--- Exercise data Enclosed Below ---

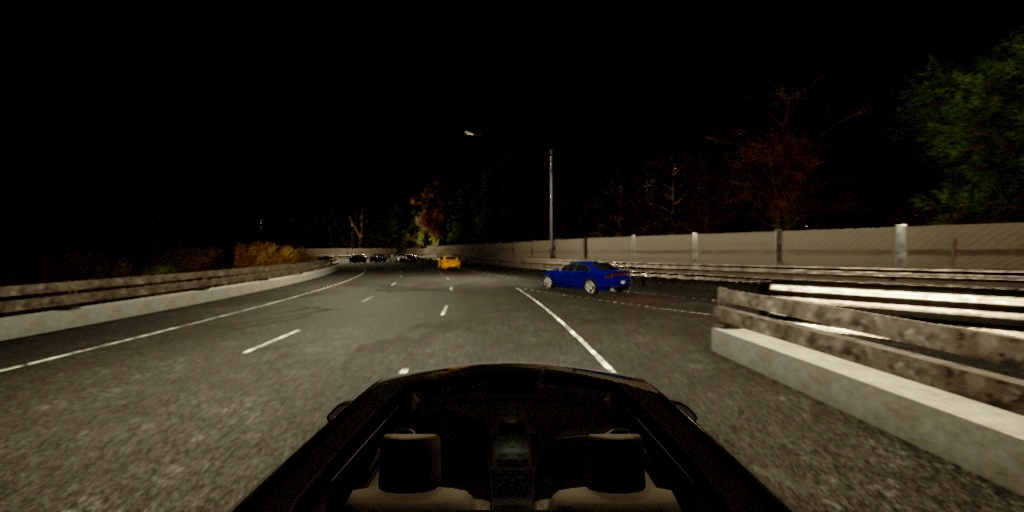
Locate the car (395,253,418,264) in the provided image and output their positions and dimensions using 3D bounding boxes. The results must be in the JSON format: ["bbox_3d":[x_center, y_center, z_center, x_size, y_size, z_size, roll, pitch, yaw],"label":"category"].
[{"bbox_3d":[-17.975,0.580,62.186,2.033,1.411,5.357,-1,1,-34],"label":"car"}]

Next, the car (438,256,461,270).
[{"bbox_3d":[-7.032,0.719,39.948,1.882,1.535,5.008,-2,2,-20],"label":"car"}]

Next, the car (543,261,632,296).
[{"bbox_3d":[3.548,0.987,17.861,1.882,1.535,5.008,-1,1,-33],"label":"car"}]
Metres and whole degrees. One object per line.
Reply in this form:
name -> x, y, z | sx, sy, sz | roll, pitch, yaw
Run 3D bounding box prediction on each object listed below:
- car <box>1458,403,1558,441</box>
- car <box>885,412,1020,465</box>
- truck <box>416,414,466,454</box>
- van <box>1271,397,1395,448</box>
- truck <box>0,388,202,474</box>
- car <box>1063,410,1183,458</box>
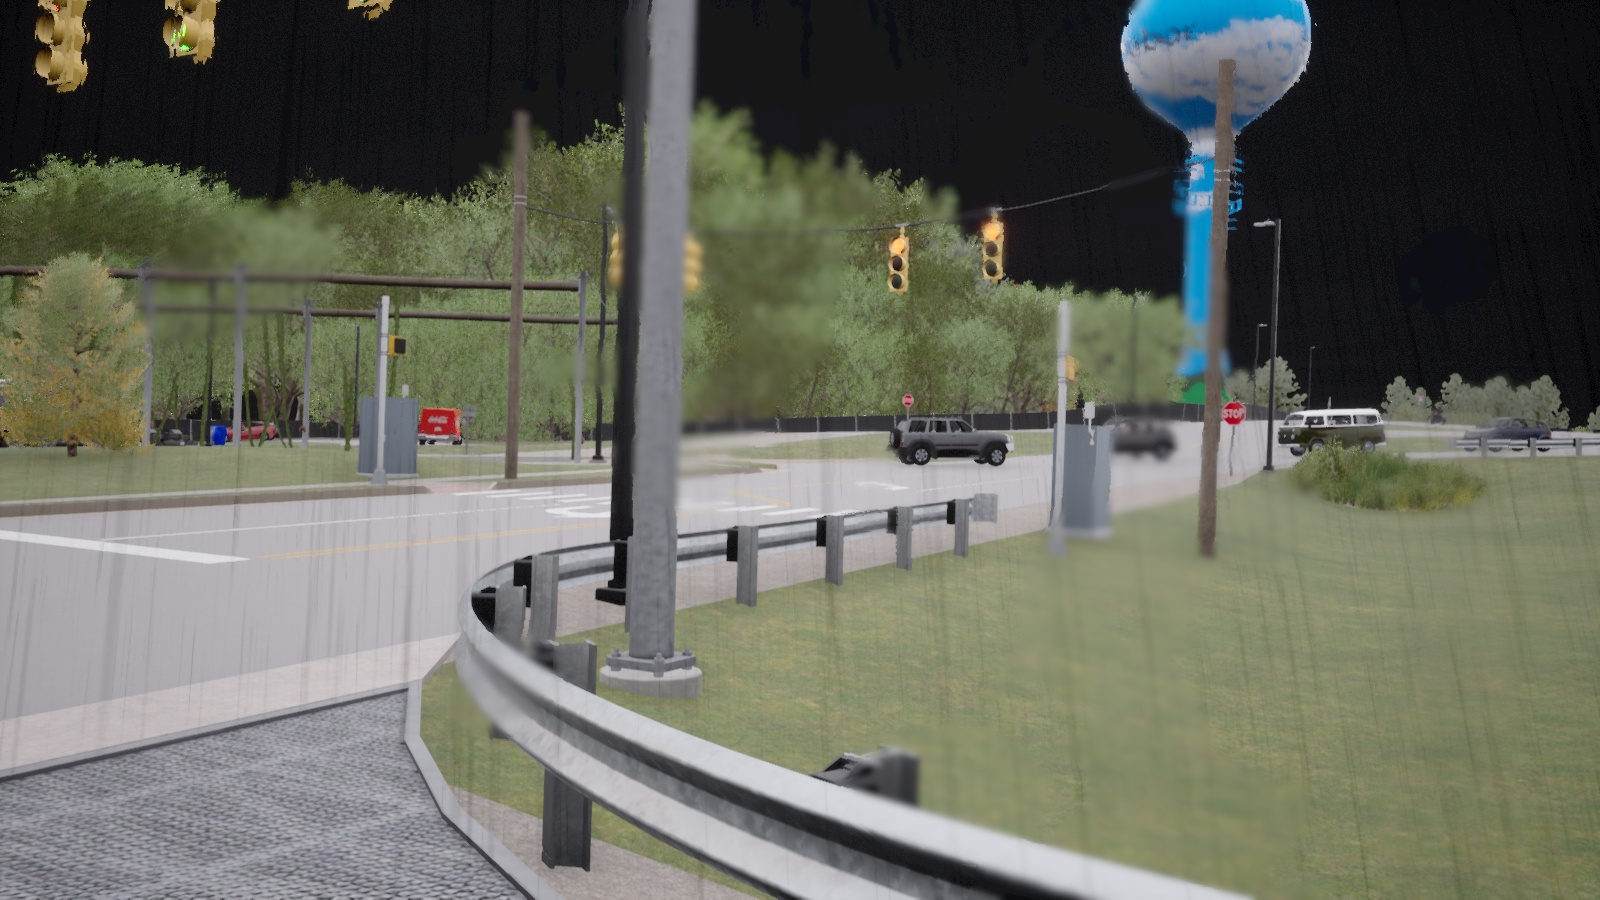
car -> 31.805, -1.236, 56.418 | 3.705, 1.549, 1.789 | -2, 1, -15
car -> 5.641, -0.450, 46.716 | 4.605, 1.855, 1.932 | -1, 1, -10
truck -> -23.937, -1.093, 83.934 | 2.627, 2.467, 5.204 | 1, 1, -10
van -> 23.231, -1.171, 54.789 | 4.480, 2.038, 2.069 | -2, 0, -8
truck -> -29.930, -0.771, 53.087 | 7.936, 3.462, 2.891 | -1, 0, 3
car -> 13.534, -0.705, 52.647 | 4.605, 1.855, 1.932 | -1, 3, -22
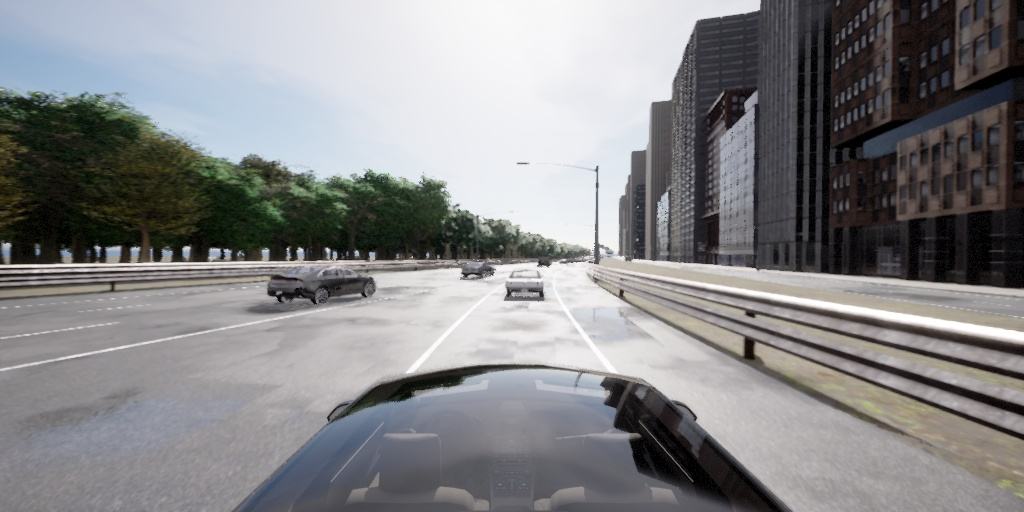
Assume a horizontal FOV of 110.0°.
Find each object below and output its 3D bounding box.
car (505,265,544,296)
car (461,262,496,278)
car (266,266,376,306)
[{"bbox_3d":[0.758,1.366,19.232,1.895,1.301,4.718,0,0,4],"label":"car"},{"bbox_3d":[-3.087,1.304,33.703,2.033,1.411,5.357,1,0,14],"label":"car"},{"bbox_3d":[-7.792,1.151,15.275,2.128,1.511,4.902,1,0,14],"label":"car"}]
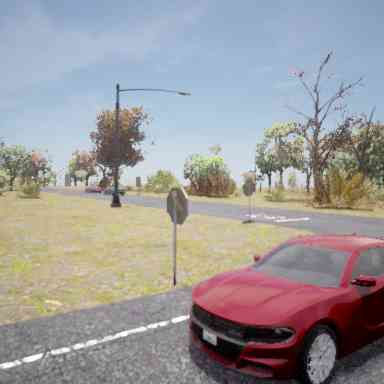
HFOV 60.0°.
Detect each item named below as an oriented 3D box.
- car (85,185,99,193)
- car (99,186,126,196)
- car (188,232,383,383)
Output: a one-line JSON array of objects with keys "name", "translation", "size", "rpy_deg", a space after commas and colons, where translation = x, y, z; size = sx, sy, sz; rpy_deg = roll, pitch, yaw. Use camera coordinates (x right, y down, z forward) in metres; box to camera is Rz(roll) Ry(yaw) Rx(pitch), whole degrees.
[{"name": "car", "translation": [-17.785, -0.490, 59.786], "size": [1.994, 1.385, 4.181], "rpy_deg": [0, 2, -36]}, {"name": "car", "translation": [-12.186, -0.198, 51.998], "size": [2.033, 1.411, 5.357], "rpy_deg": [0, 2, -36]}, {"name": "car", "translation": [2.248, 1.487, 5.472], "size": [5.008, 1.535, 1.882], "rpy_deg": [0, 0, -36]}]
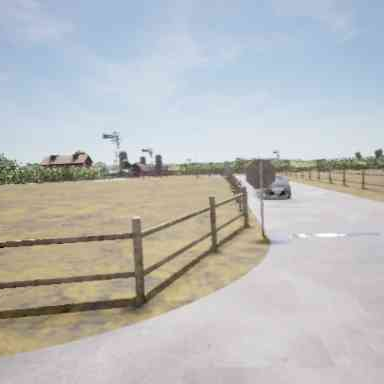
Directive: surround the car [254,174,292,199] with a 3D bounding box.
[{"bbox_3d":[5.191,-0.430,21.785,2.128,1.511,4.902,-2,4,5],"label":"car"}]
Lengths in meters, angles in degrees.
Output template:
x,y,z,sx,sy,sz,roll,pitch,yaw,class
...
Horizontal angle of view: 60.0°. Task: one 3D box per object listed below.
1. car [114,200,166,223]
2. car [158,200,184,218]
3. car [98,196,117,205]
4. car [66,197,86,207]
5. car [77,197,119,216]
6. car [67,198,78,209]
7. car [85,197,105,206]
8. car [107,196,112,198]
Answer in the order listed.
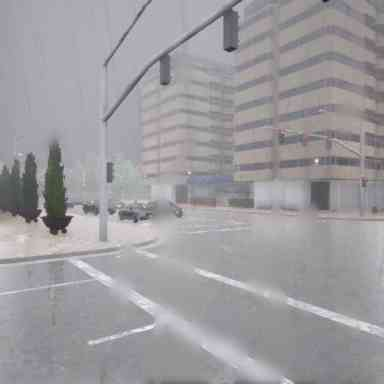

--- End of Enclosed Exercise data ---
--- Exercise data Enclosed Below ---

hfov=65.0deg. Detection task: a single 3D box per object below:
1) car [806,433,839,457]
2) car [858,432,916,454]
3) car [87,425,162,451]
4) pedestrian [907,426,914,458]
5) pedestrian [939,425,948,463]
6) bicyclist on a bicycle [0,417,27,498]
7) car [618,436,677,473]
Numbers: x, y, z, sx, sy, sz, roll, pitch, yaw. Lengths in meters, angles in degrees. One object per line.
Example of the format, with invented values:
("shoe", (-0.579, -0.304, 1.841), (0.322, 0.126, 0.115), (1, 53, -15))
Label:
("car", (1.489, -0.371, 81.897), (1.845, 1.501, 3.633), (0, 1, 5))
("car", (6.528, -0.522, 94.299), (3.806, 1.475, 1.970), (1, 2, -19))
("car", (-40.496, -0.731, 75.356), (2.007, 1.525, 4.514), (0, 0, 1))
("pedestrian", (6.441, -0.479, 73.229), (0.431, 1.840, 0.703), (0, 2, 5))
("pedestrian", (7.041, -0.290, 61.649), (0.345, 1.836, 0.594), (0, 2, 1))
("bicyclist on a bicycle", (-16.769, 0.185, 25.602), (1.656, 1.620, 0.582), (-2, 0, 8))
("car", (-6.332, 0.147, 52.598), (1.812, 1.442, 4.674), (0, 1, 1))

--- End of Enclosed Exercise data ---
--- Exercise data Enclosed Below ---

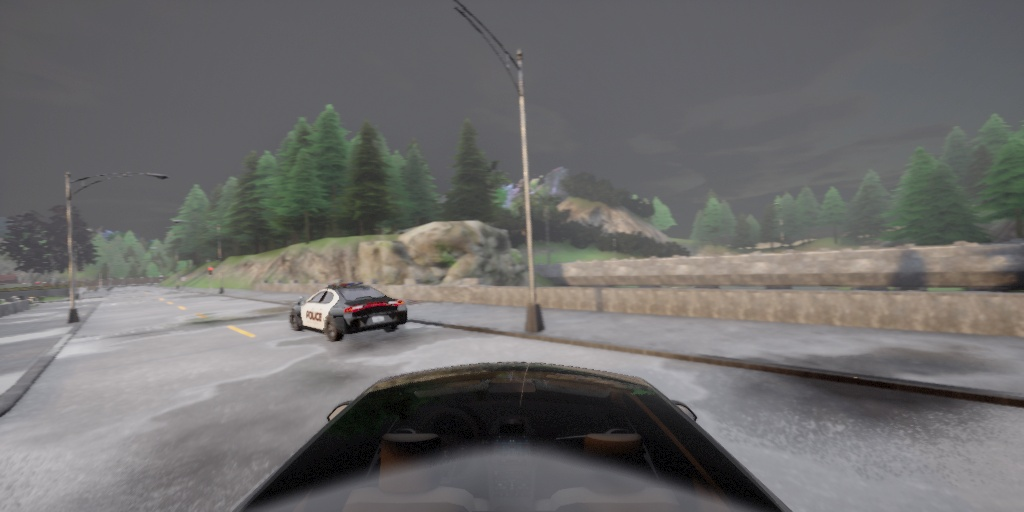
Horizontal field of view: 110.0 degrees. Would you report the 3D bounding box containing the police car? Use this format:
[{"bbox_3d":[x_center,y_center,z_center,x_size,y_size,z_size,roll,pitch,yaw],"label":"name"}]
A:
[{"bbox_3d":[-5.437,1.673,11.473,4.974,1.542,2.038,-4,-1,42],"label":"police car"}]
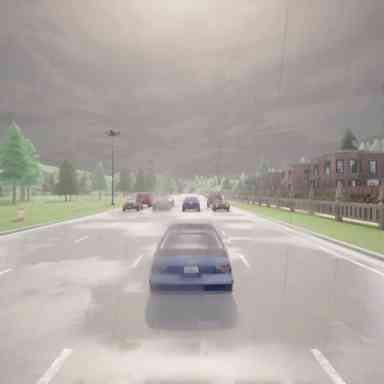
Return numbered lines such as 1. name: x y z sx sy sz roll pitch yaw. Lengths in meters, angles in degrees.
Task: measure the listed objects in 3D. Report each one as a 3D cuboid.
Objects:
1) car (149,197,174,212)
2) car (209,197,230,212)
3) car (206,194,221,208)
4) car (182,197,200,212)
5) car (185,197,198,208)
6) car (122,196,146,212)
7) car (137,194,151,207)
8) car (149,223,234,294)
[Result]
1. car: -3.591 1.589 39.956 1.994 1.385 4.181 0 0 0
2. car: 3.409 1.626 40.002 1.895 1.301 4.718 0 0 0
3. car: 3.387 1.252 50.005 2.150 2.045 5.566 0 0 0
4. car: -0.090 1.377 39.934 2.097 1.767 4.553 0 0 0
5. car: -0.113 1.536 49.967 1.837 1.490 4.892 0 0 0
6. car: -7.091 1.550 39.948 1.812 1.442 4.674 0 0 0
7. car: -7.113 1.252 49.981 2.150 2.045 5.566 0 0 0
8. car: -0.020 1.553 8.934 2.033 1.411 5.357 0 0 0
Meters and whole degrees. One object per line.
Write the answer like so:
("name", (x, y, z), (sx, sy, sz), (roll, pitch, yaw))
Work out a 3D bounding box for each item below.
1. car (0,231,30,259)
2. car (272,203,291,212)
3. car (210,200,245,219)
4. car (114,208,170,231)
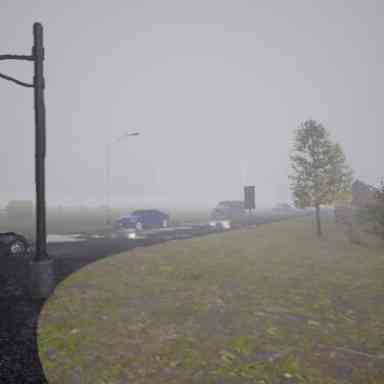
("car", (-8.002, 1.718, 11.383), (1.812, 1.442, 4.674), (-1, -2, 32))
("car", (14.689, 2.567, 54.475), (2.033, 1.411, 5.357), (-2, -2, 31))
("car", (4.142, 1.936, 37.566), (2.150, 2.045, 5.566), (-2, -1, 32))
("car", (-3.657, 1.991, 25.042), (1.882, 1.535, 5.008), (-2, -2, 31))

--- End of Enclosed Exercise data ---

A clean copy is needed of the lines above from the one with "- truck <box>416,414,466,454</box>" up to and including the one with "Assume a horizontal FOV of 110.0°.". Please set it down exactly, with no pictures.

Response to the exercise:
- truck <box>416,414,466,454</box>
- van <box>1271,397,1395,448</box>
- truck <box>0,388,202,474</box>
- car <box>1063,410,1183,458</box>
car -> 31.805, -1.236, 56.418 | 3.705, 1.549, 1.789 | -2, 1, -15
car -> 5.641, -0.450, 46.716 | 4.605, 1.855, 1.932 | -1, 1, -10
truck -> -23.937, -1.093, 83.934 | 2.627, 2.467, 5.204 | 1, 1, -10
van -> 23.231, -1.171, 54.789 | 4.480, 2.038, 2.069 | -2, 0, -8
truck -> -29.930, -0.771, 53.087 | 7.936, 3.462, 2.891 | -1, 0, 3
car -> 13.534, -0.705, 52.647 | 4.605, 1.855, 1.932 | -1, 3, -22
Assume a horizontal FOV of 110.0°.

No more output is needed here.